▶ _What to produce_
Scan the material below for every line with the string "whole", and copy those lines.

▶ _Dataset records_
---
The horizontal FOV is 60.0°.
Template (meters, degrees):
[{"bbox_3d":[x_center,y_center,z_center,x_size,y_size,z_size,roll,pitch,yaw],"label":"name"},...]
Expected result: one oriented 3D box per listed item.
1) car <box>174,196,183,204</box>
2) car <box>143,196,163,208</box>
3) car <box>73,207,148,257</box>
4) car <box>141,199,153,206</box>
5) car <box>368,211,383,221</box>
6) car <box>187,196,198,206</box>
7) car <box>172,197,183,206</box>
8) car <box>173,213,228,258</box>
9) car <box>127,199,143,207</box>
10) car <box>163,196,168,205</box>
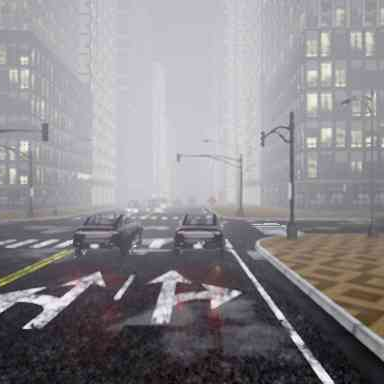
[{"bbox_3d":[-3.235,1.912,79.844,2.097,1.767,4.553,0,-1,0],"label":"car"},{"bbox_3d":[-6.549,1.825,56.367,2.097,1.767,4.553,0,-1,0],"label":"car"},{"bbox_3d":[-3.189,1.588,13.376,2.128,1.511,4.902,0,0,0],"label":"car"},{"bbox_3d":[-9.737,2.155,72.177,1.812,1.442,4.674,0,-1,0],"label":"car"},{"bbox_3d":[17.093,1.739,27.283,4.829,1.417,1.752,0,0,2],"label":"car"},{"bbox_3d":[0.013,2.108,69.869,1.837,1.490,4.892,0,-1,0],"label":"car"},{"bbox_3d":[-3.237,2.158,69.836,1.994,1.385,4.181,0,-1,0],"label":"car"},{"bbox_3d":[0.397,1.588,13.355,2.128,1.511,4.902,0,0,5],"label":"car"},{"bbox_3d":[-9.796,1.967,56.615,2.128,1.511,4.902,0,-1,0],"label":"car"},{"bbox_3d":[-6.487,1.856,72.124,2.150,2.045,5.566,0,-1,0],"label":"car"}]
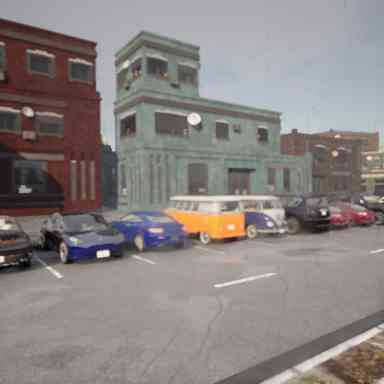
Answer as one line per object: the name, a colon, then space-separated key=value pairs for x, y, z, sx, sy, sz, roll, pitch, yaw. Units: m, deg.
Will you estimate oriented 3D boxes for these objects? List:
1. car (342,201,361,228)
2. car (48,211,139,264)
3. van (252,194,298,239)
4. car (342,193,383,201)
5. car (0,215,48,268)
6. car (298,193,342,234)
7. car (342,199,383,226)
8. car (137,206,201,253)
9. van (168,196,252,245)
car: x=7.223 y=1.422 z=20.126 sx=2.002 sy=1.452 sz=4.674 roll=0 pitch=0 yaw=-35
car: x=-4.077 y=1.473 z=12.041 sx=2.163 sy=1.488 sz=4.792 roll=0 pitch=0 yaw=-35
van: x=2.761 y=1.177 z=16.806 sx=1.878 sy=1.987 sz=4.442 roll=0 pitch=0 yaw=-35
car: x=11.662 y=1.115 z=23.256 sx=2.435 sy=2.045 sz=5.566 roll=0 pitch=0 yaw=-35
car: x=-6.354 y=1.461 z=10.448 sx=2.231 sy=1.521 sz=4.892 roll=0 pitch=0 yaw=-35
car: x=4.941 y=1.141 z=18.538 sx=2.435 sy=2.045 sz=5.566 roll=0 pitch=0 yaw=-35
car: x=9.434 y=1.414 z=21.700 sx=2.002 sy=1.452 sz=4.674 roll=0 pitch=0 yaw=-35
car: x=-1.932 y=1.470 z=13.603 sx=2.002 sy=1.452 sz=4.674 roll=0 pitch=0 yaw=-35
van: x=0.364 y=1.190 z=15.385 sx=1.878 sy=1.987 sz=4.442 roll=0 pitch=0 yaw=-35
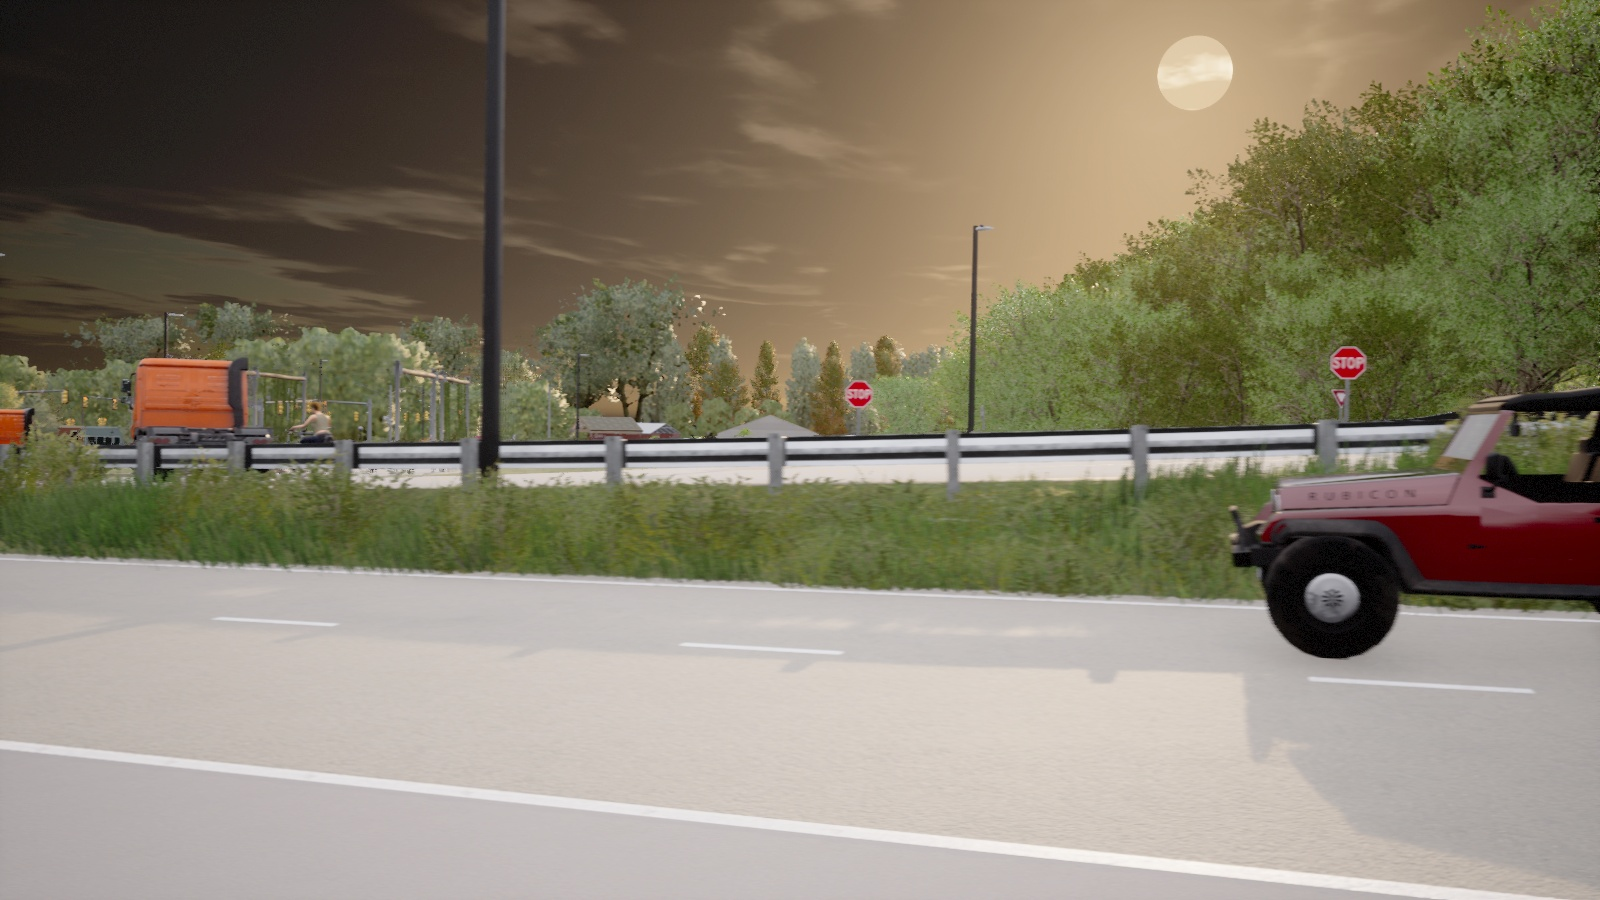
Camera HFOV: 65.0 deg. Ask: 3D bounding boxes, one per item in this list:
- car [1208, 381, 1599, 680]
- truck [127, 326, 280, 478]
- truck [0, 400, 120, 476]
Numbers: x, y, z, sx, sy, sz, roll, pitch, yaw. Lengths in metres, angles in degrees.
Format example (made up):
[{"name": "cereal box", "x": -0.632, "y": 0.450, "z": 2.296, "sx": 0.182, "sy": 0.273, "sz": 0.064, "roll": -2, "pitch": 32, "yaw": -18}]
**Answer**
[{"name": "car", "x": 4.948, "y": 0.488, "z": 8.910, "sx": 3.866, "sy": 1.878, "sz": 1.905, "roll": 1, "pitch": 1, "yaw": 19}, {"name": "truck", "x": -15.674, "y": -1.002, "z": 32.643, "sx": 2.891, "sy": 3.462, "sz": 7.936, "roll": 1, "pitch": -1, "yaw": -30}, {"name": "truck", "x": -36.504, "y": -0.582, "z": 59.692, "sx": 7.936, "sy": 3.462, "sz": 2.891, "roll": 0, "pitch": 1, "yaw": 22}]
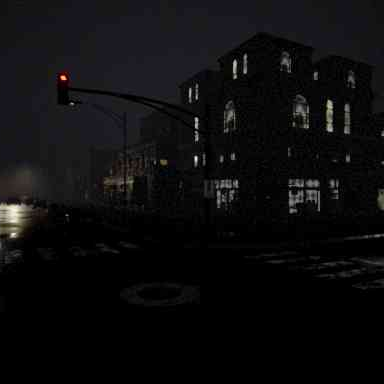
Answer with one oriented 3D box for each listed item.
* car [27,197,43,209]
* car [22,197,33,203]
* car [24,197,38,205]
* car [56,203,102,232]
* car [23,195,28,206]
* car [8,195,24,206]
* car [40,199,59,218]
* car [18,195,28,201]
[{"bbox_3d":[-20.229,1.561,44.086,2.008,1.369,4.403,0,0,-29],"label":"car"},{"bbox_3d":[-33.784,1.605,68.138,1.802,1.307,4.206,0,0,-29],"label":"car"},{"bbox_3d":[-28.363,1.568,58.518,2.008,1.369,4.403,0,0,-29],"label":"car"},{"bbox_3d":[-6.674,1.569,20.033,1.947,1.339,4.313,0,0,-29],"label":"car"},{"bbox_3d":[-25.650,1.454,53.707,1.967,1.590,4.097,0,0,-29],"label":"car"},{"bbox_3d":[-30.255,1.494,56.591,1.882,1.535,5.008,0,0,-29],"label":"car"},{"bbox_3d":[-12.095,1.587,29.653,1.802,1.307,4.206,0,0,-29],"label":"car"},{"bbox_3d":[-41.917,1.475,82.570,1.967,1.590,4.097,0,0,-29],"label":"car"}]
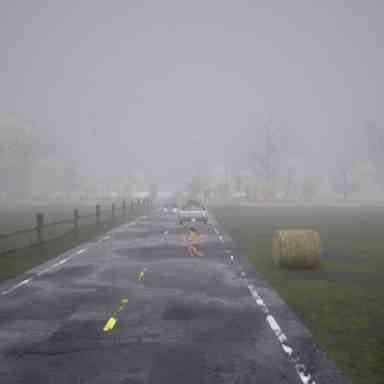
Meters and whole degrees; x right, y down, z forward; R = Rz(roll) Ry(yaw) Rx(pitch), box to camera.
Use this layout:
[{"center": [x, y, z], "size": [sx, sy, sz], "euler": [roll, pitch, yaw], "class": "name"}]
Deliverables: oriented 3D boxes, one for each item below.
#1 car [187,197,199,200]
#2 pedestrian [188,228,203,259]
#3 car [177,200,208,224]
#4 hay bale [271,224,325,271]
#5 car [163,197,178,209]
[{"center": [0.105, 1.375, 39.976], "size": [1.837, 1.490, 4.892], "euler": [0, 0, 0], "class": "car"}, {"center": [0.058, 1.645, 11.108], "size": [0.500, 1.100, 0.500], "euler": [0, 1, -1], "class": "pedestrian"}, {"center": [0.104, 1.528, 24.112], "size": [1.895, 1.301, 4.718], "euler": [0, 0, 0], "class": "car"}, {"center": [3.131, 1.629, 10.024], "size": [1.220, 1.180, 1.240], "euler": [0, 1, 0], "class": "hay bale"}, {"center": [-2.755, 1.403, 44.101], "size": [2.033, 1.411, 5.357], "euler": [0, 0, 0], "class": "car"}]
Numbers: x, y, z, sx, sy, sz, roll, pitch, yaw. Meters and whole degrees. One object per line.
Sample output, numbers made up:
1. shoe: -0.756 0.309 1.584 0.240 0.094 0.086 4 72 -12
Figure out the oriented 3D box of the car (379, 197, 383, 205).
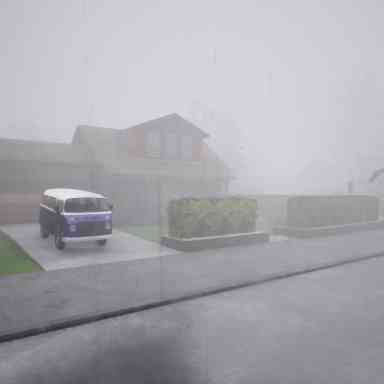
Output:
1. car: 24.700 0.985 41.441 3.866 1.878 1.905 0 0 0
---
▶ _Output below_
Meters and whole degrees; x right, y down, z forward; R = Rz(roll) Ry(yaw) Rx(pitch), box to camera.
Numbers: x, y, z, sx, sy, sz, roll, pitch, yaw. Meters and whole degrees. One object per line.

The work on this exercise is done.